_PROBLEM TO SOLVE_. Within the material below, transcribe exactly the lines from the one holding "table_cell uitbreiden van" through the one holding "table_cell De Blouwel", keeping both ends and skipping the rest.
▼▼▼
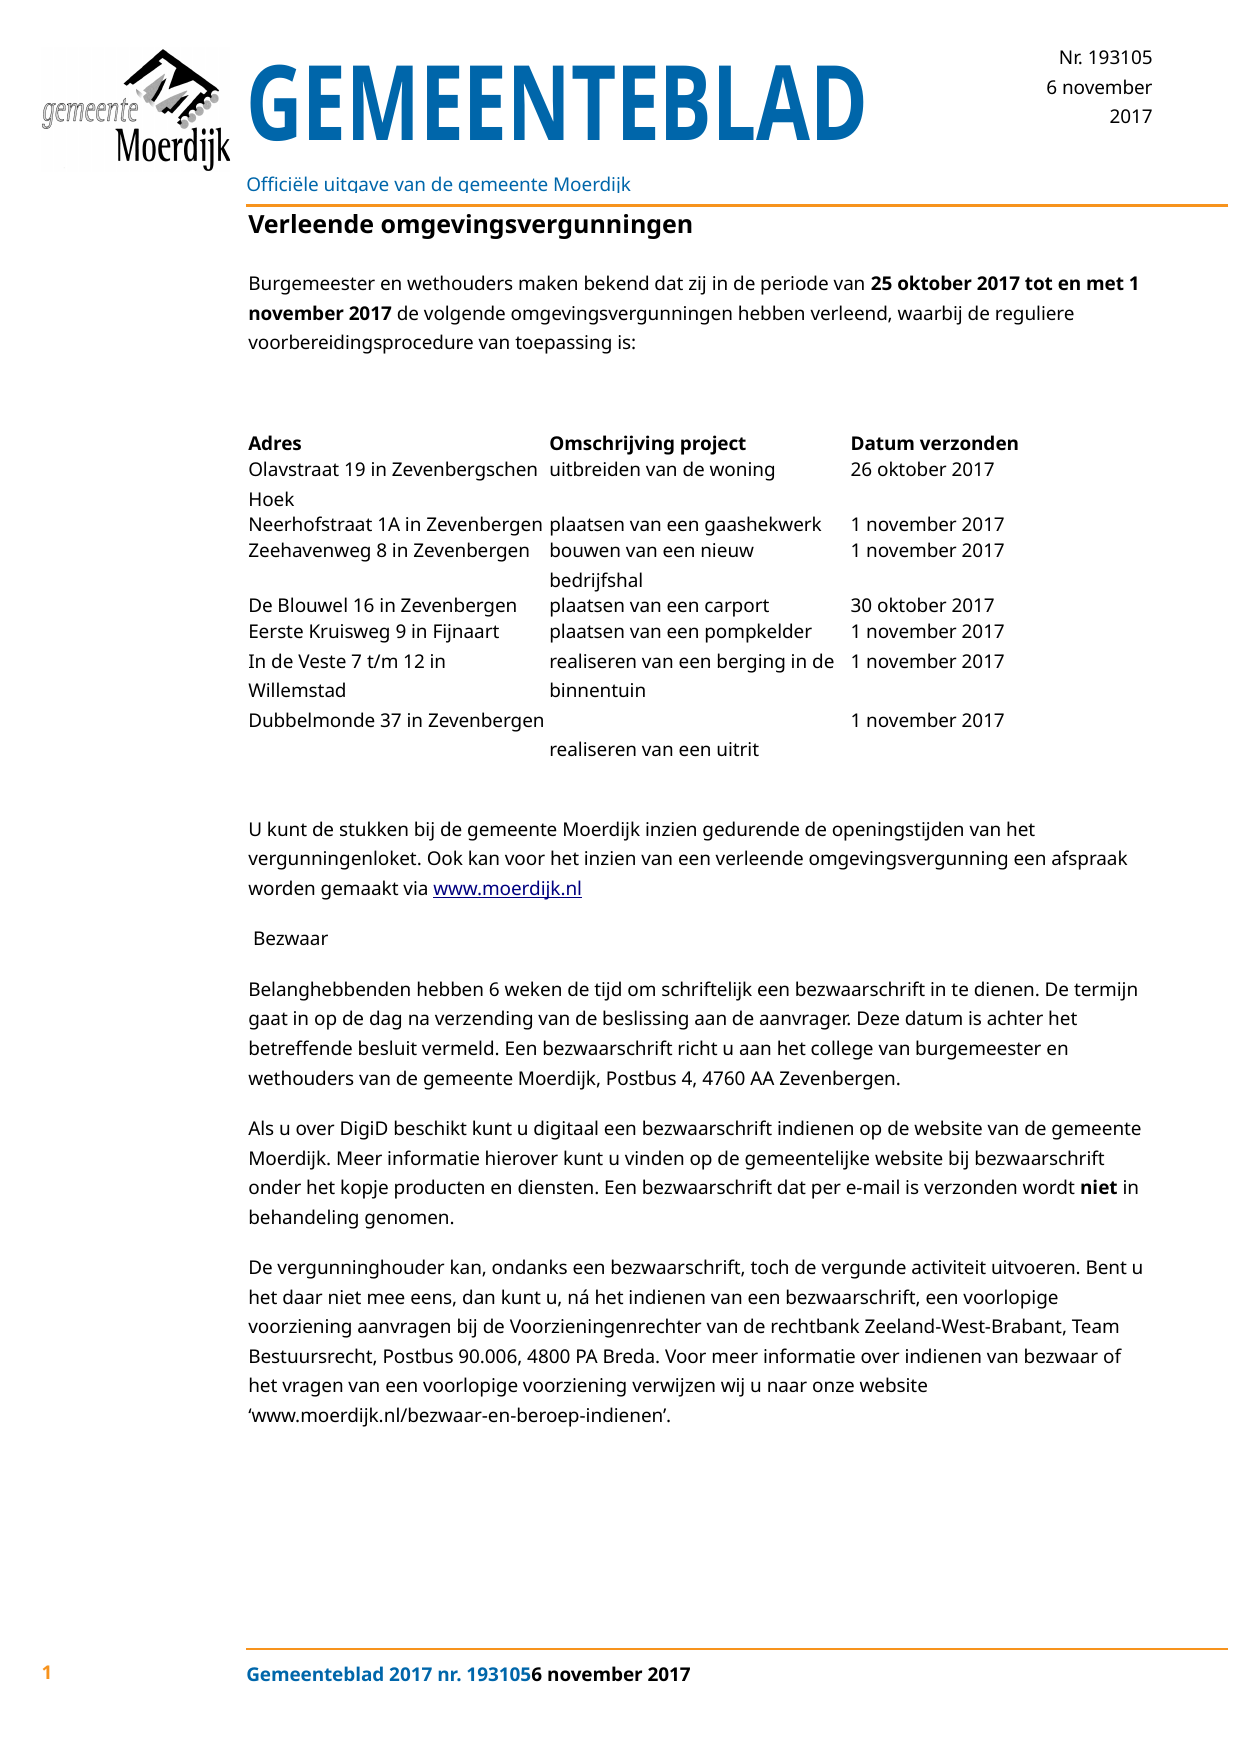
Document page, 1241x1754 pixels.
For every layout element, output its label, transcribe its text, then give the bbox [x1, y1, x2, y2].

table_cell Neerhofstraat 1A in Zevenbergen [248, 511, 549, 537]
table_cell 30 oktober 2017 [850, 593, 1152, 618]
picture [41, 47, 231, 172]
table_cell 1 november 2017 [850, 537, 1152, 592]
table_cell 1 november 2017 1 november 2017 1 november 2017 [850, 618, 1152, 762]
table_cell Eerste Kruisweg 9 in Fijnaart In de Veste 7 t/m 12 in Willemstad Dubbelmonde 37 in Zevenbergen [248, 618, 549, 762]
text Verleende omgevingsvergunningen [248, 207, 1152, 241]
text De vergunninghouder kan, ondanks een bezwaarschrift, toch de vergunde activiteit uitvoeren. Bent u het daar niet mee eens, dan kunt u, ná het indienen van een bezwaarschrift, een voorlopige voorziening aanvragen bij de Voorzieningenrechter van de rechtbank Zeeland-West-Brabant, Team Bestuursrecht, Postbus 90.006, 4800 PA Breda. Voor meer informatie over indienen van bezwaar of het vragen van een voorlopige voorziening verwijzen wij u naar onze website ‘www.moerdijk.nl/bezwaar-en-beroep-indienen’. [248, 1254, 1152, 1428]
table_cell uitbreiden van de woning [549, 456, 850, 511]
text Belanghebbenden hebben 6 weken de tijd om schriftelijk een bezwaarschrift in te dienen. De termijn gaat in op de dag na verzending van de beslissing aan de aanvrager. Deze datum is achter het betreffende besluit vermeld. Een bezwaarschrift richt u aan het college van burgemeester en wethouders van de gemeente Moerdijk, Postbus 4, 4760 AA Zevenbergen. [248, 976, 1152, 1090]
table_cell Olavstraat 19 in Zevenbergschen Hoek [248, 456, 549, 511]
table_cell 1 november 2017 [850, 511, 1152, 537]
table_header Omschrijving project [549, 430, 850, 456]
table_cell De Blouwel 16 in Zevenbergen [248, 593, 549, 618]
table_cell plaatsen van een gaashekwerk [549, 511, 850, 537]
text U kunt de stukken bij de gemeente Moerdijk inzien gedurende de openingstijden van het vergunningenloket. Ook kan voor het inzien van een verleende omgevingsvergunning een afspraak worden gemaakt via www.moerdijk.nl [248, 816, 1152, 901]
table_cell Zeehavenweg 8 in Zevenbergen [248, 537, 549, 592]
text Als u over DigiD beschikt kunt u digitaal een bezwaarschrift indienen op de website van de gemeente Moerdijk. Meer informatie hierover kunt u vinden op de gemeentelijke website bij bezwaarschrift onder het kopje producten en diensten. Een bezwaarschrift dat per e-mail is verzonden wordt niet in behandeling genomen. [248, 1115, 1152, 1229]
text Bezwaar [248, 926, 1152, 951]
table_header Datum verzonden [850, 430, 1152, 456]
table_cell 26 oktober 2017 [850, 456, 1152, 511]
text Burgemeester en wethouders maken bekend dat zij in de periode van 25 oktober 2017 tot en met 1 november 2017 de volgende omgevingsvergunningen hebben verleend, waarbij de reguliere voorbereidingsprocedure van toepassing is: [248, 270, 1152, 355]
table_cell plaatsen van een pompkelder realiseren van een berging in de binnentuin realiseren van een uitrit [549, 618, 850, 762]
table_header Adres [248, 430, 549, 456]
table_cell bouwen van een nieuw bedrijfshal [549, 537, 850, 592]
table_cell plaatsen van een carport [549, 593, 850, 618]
▲▲▲
_RESULT BELOW_.
table_cell uitbreiden van de woning [549, 456, 850, 511]
text Belanghebbenden hebben 6 weken de tijd om schriftelijk een bezwaarschrift in te dienen. De termijn gaat in op de dag na verzending van de beslissing aan de aanvrager. Deze datum is achter het betreffende besluit vermeld. Een bezwaarschrift richt u aan het college van burgemeester en wethouders van de gemeente Moerdijk, Postbus 4, 4760 AA Zevenbergen. [248, 976, 1152, 1090]
table_cell Olavstraat 19 in Zevenbergschen Hoek [248, 456, 549, 511]
table_cell 1 november 2017 [850, 511, 1152, 537]
table_header Omschrijving project [549, 430, 850, 456]
table_cell De Blouwel 16 in Zevenbergen [248, 593, 549, 618]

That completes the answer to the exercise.